Mon Mar 21 15:13:17 PDT 2016

jlebar added a comment.

Here are two other approaches we considered and rejected, for the record:

1. Copy-paste a <complex> implementation from e.g. libc++ into __clang_cuda_runtime_wrapper.h, and edit it appropriately.  Then #define the real <complex>'s include guards.

  Main problem with this is the obvious one: We're copying a big chunk of the standard library into the compiler, where it doesn't belong, and now we have two divergent copies of this code to maintain.  In addition, we can't necessarily use libc++, since we need to support pre-c++11 and AIUI libc++ does not.



2. Provide `__device__` overrides for all the functions defined in <complex>.  This almost works, except that we do not (currently) have a way to let you inject new overloads for member functions into classes we don't own.  E.g. we can add a `__device__` overload `std::real(const complex<T>&)`, just like we could override `std::real` in any other way, but we can't add a new `__device__` overload to `std::complex<T>::real()`.
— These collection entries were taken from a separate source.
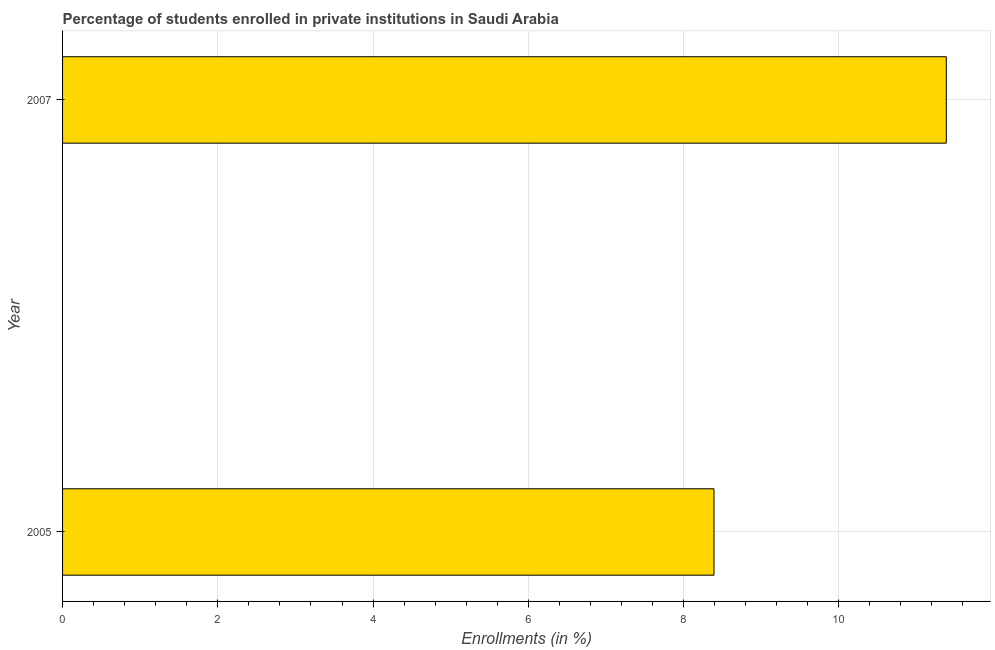Does the graph contain any zero values?
Your answer should be compact. No. What is the title of the graph?
Keep it short and to the point. Percentage of students enrolled in private institutions in Saudi Arabia. What is the label or title of the X-axis?
Offer a very short reply. Enrollments (in %). What is the enrollments in private institutions in 2005?
Provide a succinct answer. 8.39. Across all years, what is the maximum enrollments in private institutions?
Provide a succinct answer. 11.39. Across all years, what is the minimum enrollments in private institutions?
Your response must be concise. 8.39. What is the sum of the enrollments in private institutions?
Offer a terse response. 19.78. What is the difference between the enrollments in private institutions in 2005 and 2007?
Your response must be concise. -2.99. What is the average enrollments in private institutions per year?
Offer a very short reply. 9.89. What is the median enrollments in private institutions?
Your answer should be compact. 9.89. Do a majority of the years between 2007 and 2005 (inclusive) have enrollments in private institutions greater than 2.8 %?
Keep it short and to the point. No. What is the ratio of the enrollments in private institutions in 2005 to that in 2007?
Make the answer very short. 0.74. In how many years, is the enrollments in private institutions greater than the average enrollments in private institutions taken over all years?
Keep it short and to the point. 1. Are all the bars in the graph horizontal?
Your answer should be very brief. Yes. How many years are there in the graph?
Give a very brief answer. 2. Are the values on the major ticks of X-axis written in scientific E-notation?
Your answer should be very brief. No. What is the Enrollments (in %) of 2005?
Give a very brief answer. 8.39. What is the Enrollments (in %) of 2007?
Offer a very short reply. 11.39. What is the difference between the Enrollments (in %) in 2005 and 2007?
Provide a succinct answer. -2.99. What is the ratio of the Enrollments (in %) in 2005 to that in 2007?
Offer a very short reply. 0.74.

  This approach also has a similar problem to (1), which is that we'd end up copy/pasting almost all of <complex> into the compiler.


================
Comment at: include/clang/Driver/Options.td:383-384
@@ -382,2 +382,4 @@
   HelpText<"Enable device-side debug info generation. Disables ptxas optimizations.">;
+def cuda_allow_std_complex : Flag<["--"], "cuda-allow-std-complex">,
+  HelpText<"Allow CUDA device code to use definitions from <complex>, other than operator>> and operator<<.">;
 def cuda_path_EQ : Joined<["--"], "cuda-path=">, Group<i_Group>,
----------------
tra wrote:
> rsmith wrote:
> > I don't think it's reasonable to have something this hacky / arbitrary in the stable Clang driver interface.
> What would be a better way to enable this 'feature'? I guess we could live with -Xclang -fcuda-allow-std-complex for now, but that does not seem to be particularly good way to give user control, either.
> 
> Perhaps we should have some sort of --cuda-enable-extension=foo option to control CUDA hacks.
> I don't think it's reasonable to have something this hacky / arbitrary in the stable Clang driver interface.

This is an important feature for a lot of projects, including tensorflow and eigen.  No matter how we define the flag, I suspect people are going to use it en masse.  (Most projects I've seen pass the equivalent flag to nvcc.)  At the point that many or even most projects are relying on it, I'd suspect we'll have difficulty changing this flag, regardless of whether or not it is officially part of our stable API.

There's also the issue of discoverability.  nvcc actually gives a nice error message when you try to use std::complex -- it seems pretty unfriendly not to even list the relevant flag in clang --help.

I don't feel particularly strongly about this, though -- I'm more concerned about getting something that works.


http://reviews.llvm.org/D18328